From the first line to the last, retype the records exactly and skip the pictures.

****************

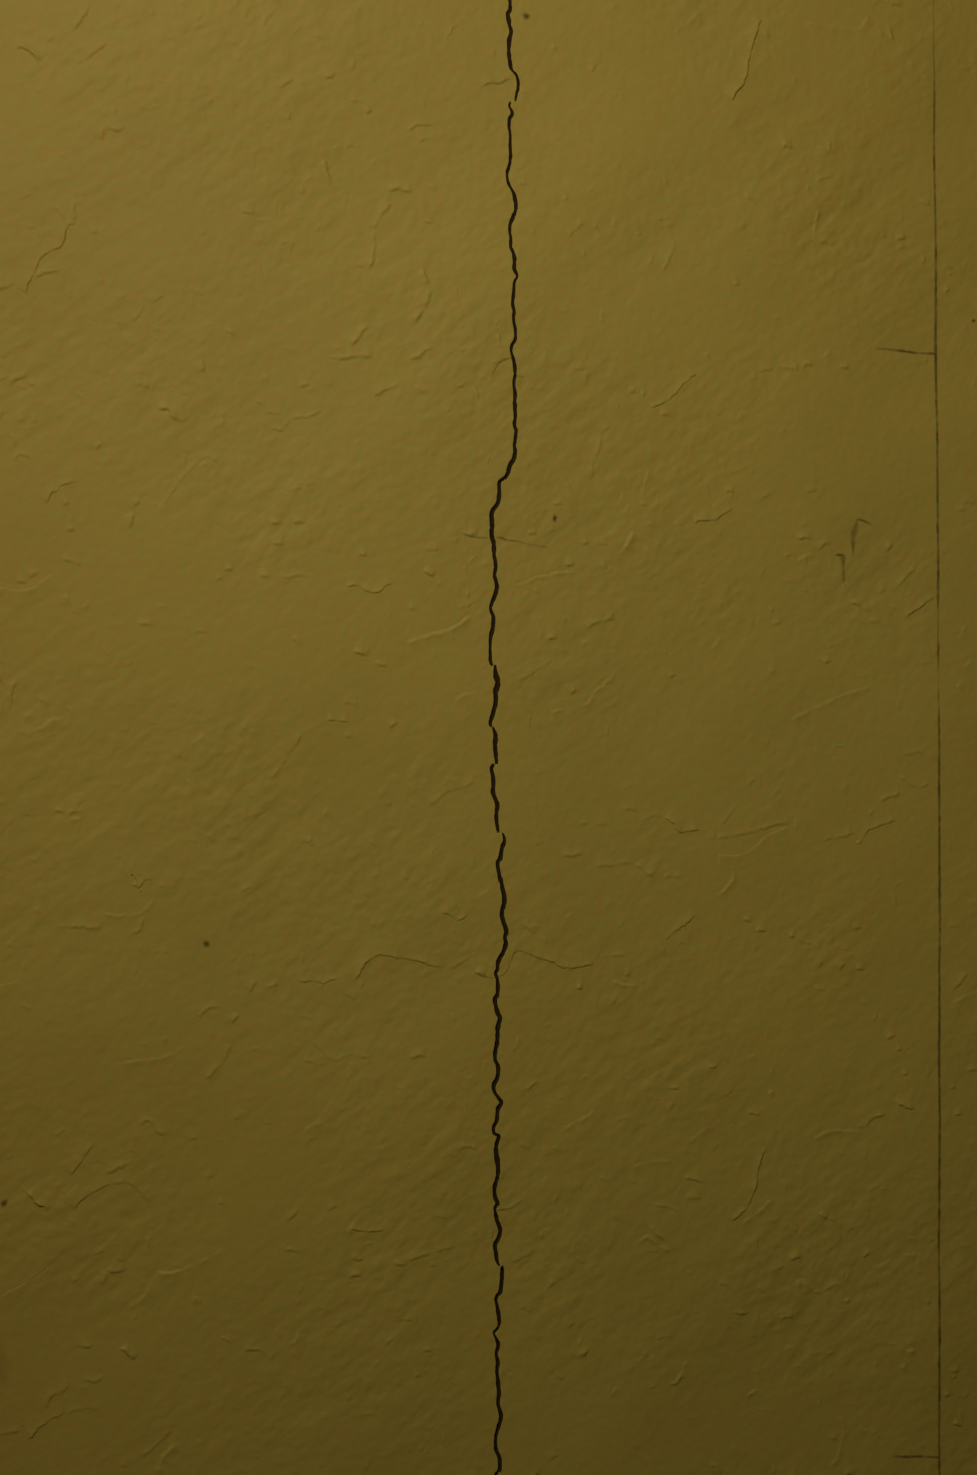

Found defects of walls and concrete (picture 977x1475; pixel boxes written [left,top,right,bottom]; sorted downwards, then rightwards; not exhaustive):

crack [489,0,520,1475]
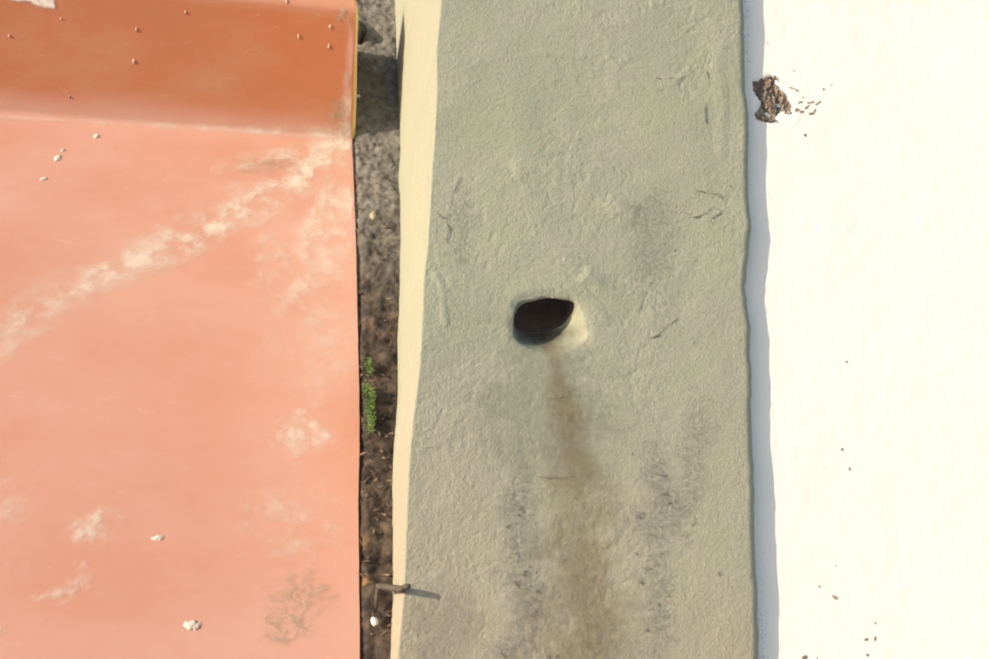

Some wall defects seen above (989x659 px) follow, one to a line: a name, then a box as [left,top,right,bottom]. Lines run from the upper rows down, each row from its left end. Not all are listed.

water stain [519,331,558,343]
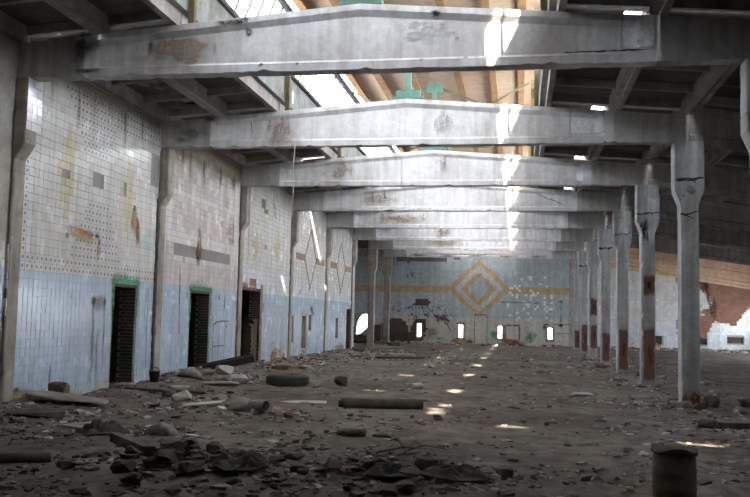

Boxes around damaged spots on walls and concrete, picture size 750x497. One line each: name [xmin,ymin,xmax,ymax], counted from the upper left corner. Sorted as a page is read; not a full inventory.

crack [565,47,646,55]
crack [676,176,704,184]
flaking render [353,298,458,342]
flaking render [699,282,750,339]
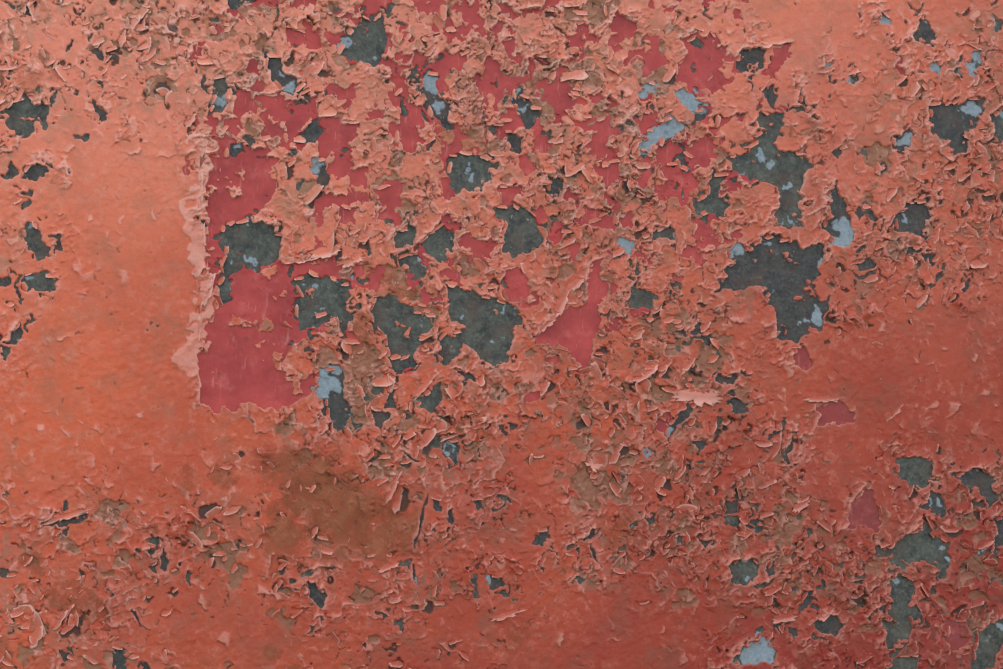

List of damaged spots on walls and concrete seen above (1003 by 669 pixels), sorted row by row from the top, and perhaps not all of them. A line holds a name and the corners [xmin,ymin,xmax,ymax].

peeling [0,30,61,157]
peeling [92,100,108,122]
peeling [89,0,283,106]
peeling [22,164,49,181]
peeling [3,322,26,345]
peeling [0,221,59,307]
peeling [194,0,1003,601]
peeling [3,556,86,649]
peeling [21,508,95,536]
peeling [176,505,264,574]
peeling [271,526,339,620]
peeling [59,636,150,669]
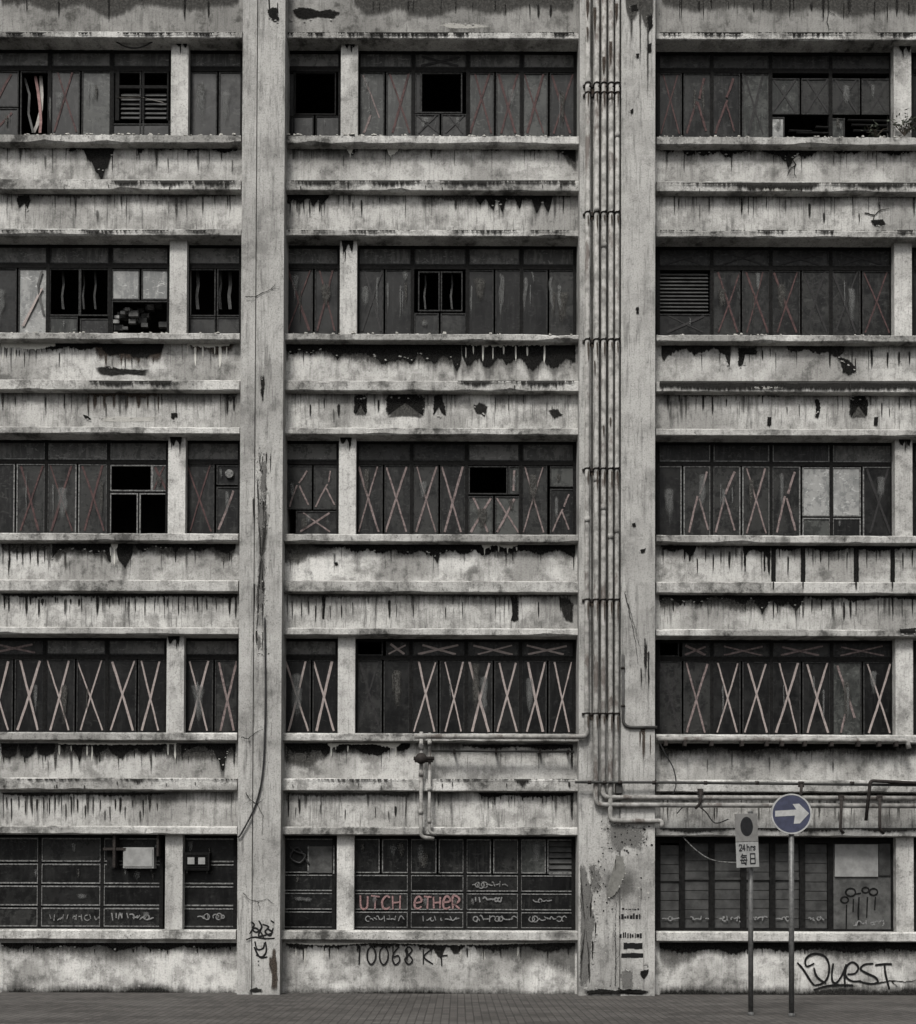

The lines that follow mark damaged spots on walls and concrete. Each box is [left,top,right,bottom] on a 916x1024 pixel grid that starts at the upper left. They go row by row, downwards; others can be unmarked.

damp [355,0,573,18]
damp [1,343,237,421]
damp [286,350,425,363]
spalling [354,394,446,418]
damp [371,345,576,411]
spalling [473,398,496,417]
damp [591,0,916,732]
damp [1,742,237,821]
peeling [579,821,653,995]
damp [659,942,916,967]
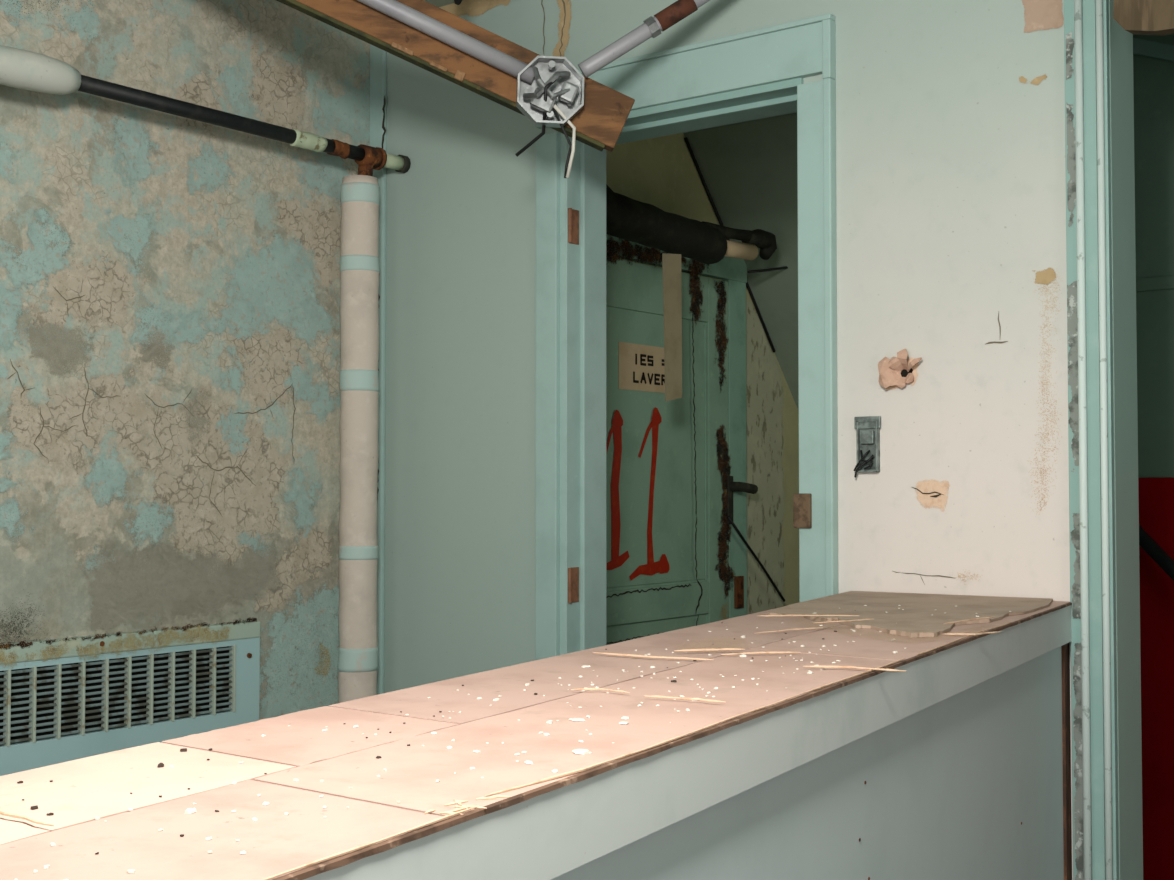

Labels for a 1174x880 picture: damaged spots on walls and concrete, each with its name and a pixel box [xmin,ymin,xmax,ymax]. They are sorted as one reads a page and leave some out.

peeling [175,44,312,130]
rust [606,236,712,324]
flaking render [878,349,922,390]
crack [8,360,192,459]
crack [234,383,296,460]
crack [196,452,256,516]
flaking render [912,479,950,512]
rust [0,617,257,669]
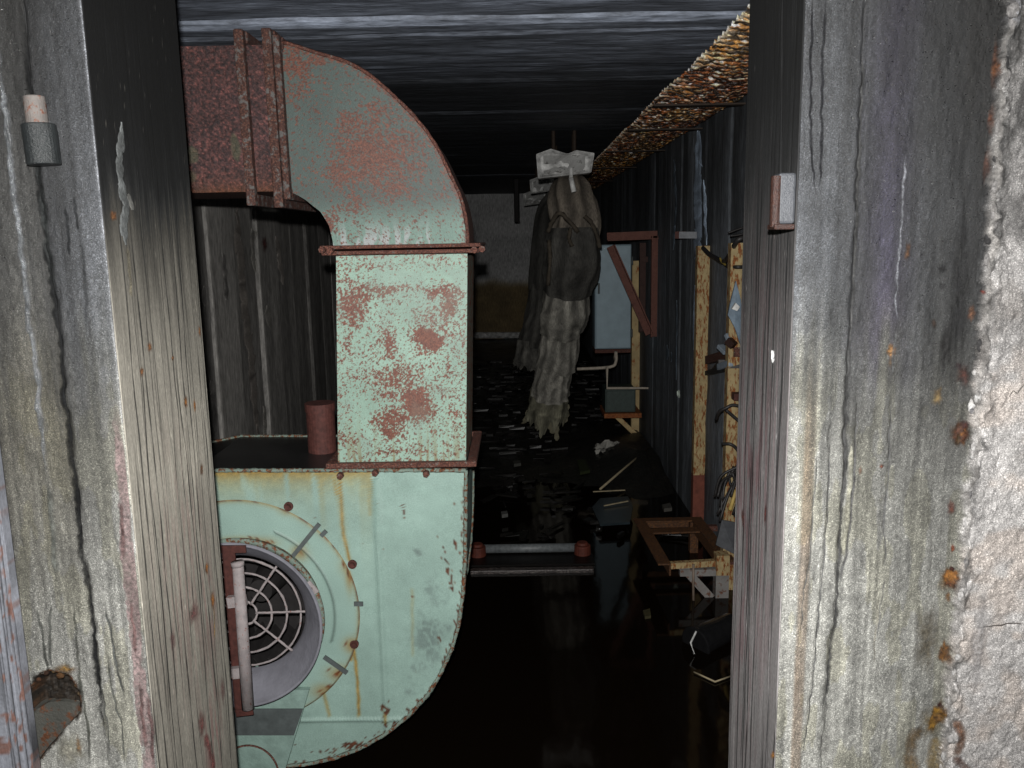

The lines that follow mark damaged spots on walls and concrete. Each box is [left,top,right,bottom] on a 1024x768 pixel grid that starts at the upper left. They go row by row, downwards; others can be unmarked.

crack [25,55,33,95]
damp [0,78,44,450]
damp [895,169,906,312]
crack [36,166,125,757]
crack [801,59,892,747]
corrosion [952,422,968,444]
corrosion [942,567,960,600]
corrosion [938,641,951,661]
corrosion [906,703,967,768]
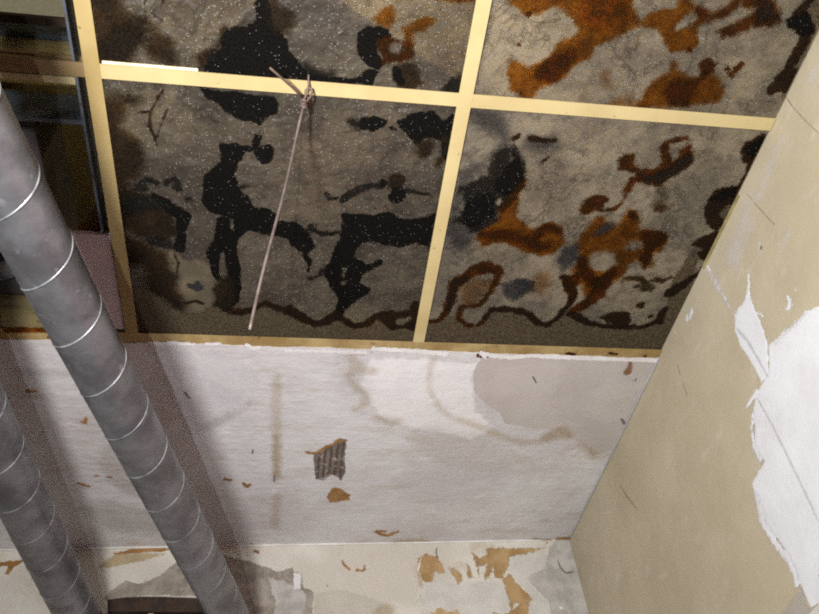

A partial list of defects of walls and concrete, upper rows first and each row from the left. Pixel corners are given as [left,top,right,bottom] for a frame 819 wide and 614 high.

leakage [91,0,176,65]
leakage [203,0,422,89]
leakage [766,0,819,96]
leakage [441,74,462,93]
leakage [347,110,454,168]
leakage [105,86,436,342]
leakage [424,133,766,350]
peeling [305,438,351,503]
spalling [103,562,195,600]
spalling [223,549,314,614]
spalling [417,537,589,614]
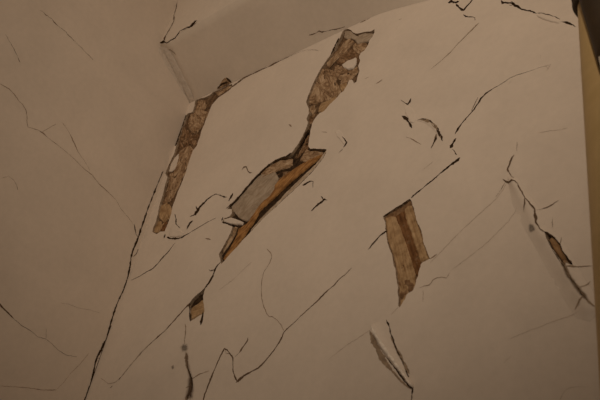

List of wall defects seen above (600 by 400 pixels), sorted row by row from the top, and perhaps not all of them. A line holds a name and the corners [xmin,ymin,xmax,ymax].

crack [160,4,197,44]
crack [501,0,576,27]
flaking render [152,46,232,234]
flaking render [219,29,374,264]
crack [411,64,551,198]
crack [0,84,348,400]
flaking render [383,199,430,307]
flaking render [544,231,574,266]
flaking render [188,288,205,321]
crack [508,262,595,340]
peeling [370,320,414,389]
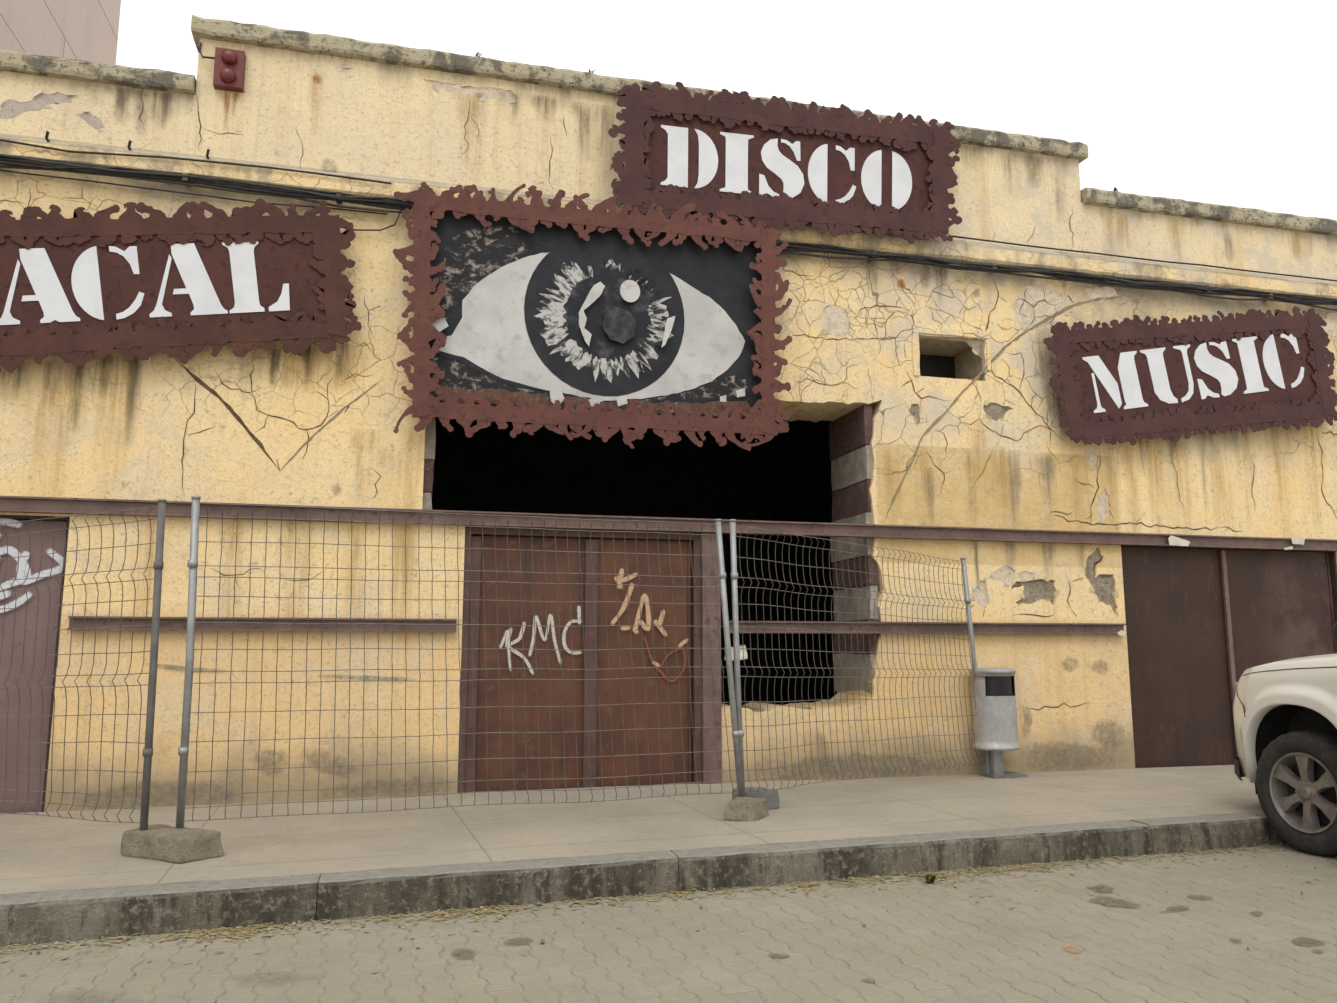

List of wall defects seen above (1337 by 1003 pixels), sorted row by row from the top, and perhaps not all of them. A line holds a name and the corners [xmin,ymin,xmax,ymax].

****************

■ **Task output**
Found defects of walls and concrete (picture 977x1475; pixel boxes written [left,top,right,bottom]; sorted downwards, then rightwards; not exhaustive):

crack [489,0,520,1475]

Some wall defects seen above (989x659 px) follow, one to a line: a name, then a box as [left,top,right,bottom]. Lines run from the upper rows down, each row from its left end. Not all are listed.

water stain [519,331,558,343]

Boxes around damaged spots on walls and concrete, picture size 750x497. One line each: name [xmin,ymin,xmax,ymax], counted from the upper left corner. Sorted as a page is read; not a full inventory.

crack [565,47,646,55]
crack [676,176,704,184]
flaking render [353,298,458,342]
flaking render [699,282,750,339]

List of damaged spots on walls and concrete seen above (1003 by 669 pixels), sorted row by row from the top, and perhaps not all of them. A line holds a name and the corners [xmin,ymin,xmax,ymax].

peeling [0,30,61,157]
peeling [92,100,108,122]
peeling [89,0,283,106]
peeling [22,164,49,181]
peeling [3,322,26,345]
peeling [0,221,59,307]
peeling [194,0,1003,601]
peeling [3,556,86,649]
peeling [21,508,95,536]
peeling [176,505,264,574]
peeling [271,526,339,620]
peeling [59,636,150,669]

The lines that follow mark damaged spots on walls and concrete. Each box is [left,top,right,bottom] on a 916x1024 pixel grid that starts at the upper left. They go row by row, downwards; others can be unmarked.

damp [355,0,573,18]
damp [1,343,237,421]
damp [286,350,425,363]
spalling [354,394,446,418]
damp [371,345,576,411]
spalling [473,398,496,417]
damp [591,0,916,732]
damp [1,742,237,821]
peeling [579,821,653,995]
damp [659,942,916,967]

Labels for a 1174x880 picture: damaged spots on walls and concrete, each with its name and a pixel box [xmin,ymin,xmax,ymax]. They are sorted as one reads a page and leave some out.

peeling [175,44,312,130]
rust [606,236,712,324]
flaking render [878,349,922,390]
crack [8,360,192,459]
crack [234,383,296,460]
crack [196,452,256,516]
flaking render [912,479,950,512]
rust [0,617,257,669]

The lines that follow mark damaged spots on walls and concrete. Each box is [left,top,right,bottom] on a 1024x768 pixel grid that starts at the upper left. They go row by row, downwards; others can be unmarked.

crack [25,55,33,95]
damp [0,78,44,450]
damp [895,169,906,312]
crack [36,166,125,757]
crack [801,59,892,747]
corrosion [952,422,968,444]
corrosion [942,567,960,600]
corrosion [938,641,951,661]
corrosion [906,703,967,768]

A partial list of defects of walls and concrete, upper rows first and each row from the left. Pixel corners are given as [left,top,right,bottom] for a frame 819 wide and 614 high.

leakage [91,0,176,65]
leakage [203,0,422,89]
leakage [766,0,819,96]
leakage [441,74,462,93]
leakage [347,110,454,168]
leakage [105,86,436,342]
leakage [424,133,766,350]
peeling [305,438,351,503]
spalling [103,562,195,600]
spalling [223,549,314,614]
spalling [417,537,589,614]

List of wall defects seen above (600 by 400 pixels), sorted row by row from the top, and perhaps not all of them. A line holds a name and the corners [xmin,ymin,xmax,ymax].

crack [160,4,197,44]
crack [501,0,576,27]
flaking render [152,46,232,234]
flaking render [219,29,374,264]
crack [411,64,551,198]
crack [0,84,348,400]
flaking render [383,199,430,307]
flaking render [544,231,574,266]
flaking render [188,288,205,321]
crack [508,262,595,340]
peeling [370,320,414,389]

List of wall defects seen above (1337 by 1003 pixels), sorted row by row from the top, and perhaps not all of them. A line holds a name and the corners [xmin,ymin,xmax,ymax].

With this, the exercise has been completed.